- **Items from a dataset**:
--------
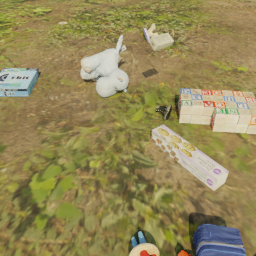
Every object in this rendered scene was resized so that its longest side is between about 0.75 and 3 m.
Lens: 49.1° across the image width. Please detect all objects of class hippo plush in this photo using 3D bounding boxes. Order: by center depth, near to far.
[{"bbox_3d":[-0.761,-2.407,12.881,2.514,2.003,2.022,-29,75,0],"label":"hippo plush"}]

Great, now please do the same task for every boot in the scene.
[{"bbox_3d":[1.418,-0.632,11.472,0.610,0.292,0.808,5,47,26],"label":"boot"}]

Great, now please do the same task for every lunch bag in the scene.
[{"bbox_3d":[2.230,2.921,6.756,1.192,0.810,0.788,7,41,0],"label":"lunch bag"}]

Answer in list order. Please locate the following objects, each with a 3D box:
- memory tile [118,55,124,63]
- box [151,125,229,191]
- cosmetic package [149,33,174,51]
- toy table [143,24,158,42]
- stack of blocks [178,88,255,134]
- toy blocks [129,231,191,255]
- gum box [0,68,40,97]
[{"bbox_3d":[-0.771,-3.919,15.733,0.889,0.097,1.160,-14,42,-16],"label":"memory tile"},{"bbox_3d":[1.960,0.893,9.445,0.612,0.571,2.953,-25,46,-28],"label":"box"},{"bbox_3d":[1.213,-3.138,10.185,0.838,0.298,0.441,-23,75,-31],"label":"cosmetic package"},{"bbox_3d":[1.437,-5.894,17.509,0.703,1.104,1.201,-19,58,2],"label":"toy table"},{"bbox_3d":[3.554,-0.709,11.173,2.965,0.869,1.707,4,39,5],"label":"stack of blocks"},{"bbox_3d":[0.953,3.241,6.411,1.768,0.770,2.122,4,21,-13],"label":"toy blocks"},{"bbox_3d":[-5.354,-2.215,13.357,1.741,0.456,2.049,0,39,0],"label":"gum box"}]
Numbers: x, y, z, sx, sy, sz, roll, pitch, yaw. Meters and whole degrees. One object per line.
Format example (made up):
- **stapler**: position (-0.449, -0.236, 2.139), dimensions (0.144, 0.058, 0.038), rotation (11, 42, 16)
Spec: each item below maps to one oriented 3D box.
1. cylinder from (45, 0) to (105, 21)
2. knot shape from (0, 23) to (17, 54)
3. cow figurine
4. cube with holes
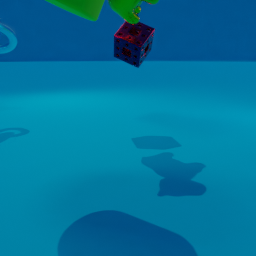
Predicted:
- **cylinder**: position (-0.746, -2.222, 3.799), dimensions (1.120, 1.120, 1.120), rotation (23, 13, -6)
- **knot shape**: position (-3.951, -2.683, 8.102), dimensions (0.718, 1.553, 1.453), rotation (28, 1, 42)
- **cow figurine**: position (-0.051, -3.168, 5.901), dimensions (1.605, 0.895, 1.631), rotation (26, -36, -26)
- **cube with holes**: position (0.151, -2.244, 7.402), dimensions (0.773, 0.773, 0.773), rotation (27, 64, 11)
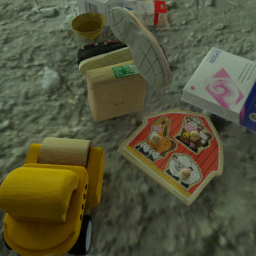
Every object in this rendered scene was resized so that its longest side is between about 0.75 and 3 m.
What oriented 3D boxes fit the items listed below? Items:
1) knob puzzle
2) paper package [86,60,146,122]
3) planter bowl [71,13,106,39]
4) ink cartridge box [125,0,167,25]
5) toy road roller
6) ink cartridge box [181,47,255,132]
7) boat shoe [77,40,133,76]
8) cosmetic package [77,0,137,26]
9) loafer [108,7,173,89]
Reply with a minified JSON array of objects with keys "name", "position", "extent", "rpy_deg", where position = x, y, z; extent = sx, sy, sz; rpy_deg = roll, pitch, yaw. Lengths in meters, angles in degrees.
[{"name":"knob puzzle","position":[1.470,0.387,7.689],"extent":[2.928,0.406,2.928],"rpy_deg":[2,56,-3]},{"name":"paper package","position":[-0.358,-1.058,8.135],"extent":[1.573,1.499,0.814],"rpy_deg":[-14,56,-13]},{"name":"planter bowl","position":[-1.462,-3.783,10.645],"extent":[1.311,0.546,1.311],"rpy_deg":[-3,54,4]},{"name":"ink cartridge box","position":[0.693,-4.634,11.263],"extent":[1.634,0.549,0.949],"rpy_deg":[-1,55,-1]},{"name":"toy road roller","position":[-1.605,1.240,6.089],"extent":[1.821,2.164,2.964],"rpy_deg":[3,55,2]},{"name":"ink cartridge box","position":[3.359,-1.351,8.956],"extent":[2.522,0.546,2.476],"rpy_deg":[25,58,19]},{"name":"boat shoe","position":[-0.271,-2.564,9.464],"extent":[2.929,1.072,0.918],"rpy_deg":[-13,64,-3]},{"name":"cosmetic package","position":[-0.668,-5.562,11.628],"extent":[1.456,1.023,2.871],"rpy_deg":[28,59,19]},{"name":"loafer","position":[0.474,-2.201,7.364],"extent":[0.811,0.927,2.580],"rpy_deg":[-24,74,-36]}]
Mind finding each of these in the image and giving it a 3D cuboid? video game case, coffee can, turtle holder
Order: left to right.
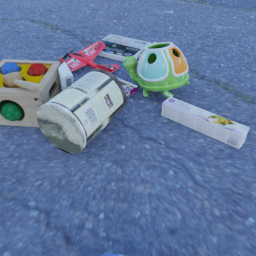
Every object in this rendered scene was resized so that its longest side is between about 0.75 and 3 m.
[{"bbox_3d":[-1.296,-0.552,8.279,1.636,1.636,2.235,20,43,23],"label":"coffee can"},{"bbox_3d":[-0.585,-1.461,10.264,1.387,0.274,1.530,26,35,25],"label":"video game case"},{"bbox_3d":[-0.390,-3.866,13.505,2.380,0.278,2.164,19,42,21],"label":"video game case"},{"bbox_3d":[1.094,-2.229,10.259,1.766,1.651,2.325,-26,31,-20],"label":"turtle holder"}]

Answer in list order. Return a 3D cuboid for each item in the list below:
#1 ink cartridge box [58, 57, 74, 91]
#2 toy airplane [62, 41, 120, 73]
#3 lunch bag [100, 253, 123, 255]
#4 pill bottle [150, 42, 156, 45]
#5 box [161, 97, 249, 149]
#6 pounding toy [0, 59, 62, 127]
[{"bbox_3d":[-2.255,-1.608,9.855,0.389,1.318,1.646,-17,42,-19],"label":"ink cartridge box"},{"bbox_3d":[-1.570,-2.778,11.918,2.861,0.526,2.861,-3,45,3],"label":"toy airplane"},{"bbox_3d":[0.262,3.124,4.383,2.262,0.855,1.813,10,42,14],"label":"lunch bag"},{"bbox_3d":[1.152,-3.678,13.079,0.501,0.501,0.893,11,40,13],"label":"pill bottle"},{"bbox_3d":[2.321,-0.219,8.741,2.723,0.564,0.527,26,44,30],"label":"box"},{"bbox_3d":[-3.310,-1.226,8.929,2.438,1.883,2.649,3,39,5],"label":"pounding toy"}]
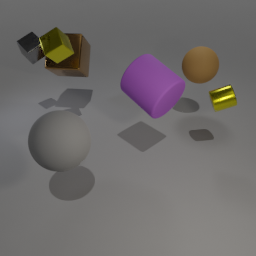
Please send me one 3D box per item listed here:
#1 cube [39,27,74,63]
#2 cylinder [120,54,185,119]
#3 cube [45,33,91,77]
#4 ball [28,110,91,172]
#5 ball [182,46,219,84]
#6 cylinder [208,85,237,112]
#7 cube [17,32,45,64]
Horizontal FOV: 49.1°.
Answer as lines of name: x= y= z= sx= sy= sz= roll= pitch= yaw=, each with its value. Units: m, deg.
cube: x=-2.290 y=-2.649 z=9.013 sx=0.700 sy=0.700 sz=0.700 roll=-27 pitch=73 yaw=14
cylinder: x=0.730 y=-1.236 z=8.337 sx=1.400 sy=1.400 sz=1.400 roll=-29 pitch=63 yaw=-38
cube: x=-2.391 y=-2.905 z=11.314 sx=1.400 sy=1.400 sz=1.400 roll=4 pitch=-1 yaw=6
ball: x=-1.547 y=0.295 z=6.405 sx=1.400 sy=1.400 sz=1.400 roll=0 pitch=32 yaw=0
ball: x=2.791 y=-2.426 z=10.825 sx=1.400 sy=1.400 sz=1.400 roll=0 pitch=32 yaw=0
cylinder: x=3.003 y=-0.939 z=8.893 sx=0.700 sy=0.700 sz=0.700 roll=-18 pitch=29 yaw=14
cube: x=-3.505 y=-2.930 z=10.276 sx=0.700 sy=0.700 sz=0.700 roll=43 pitch=71 yaw=13
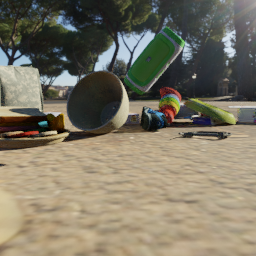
--------
- **Assignment**: Tell how many lines of the entries above include "below". The answer should be the number and nothing more.

- **Solved exercise**: 3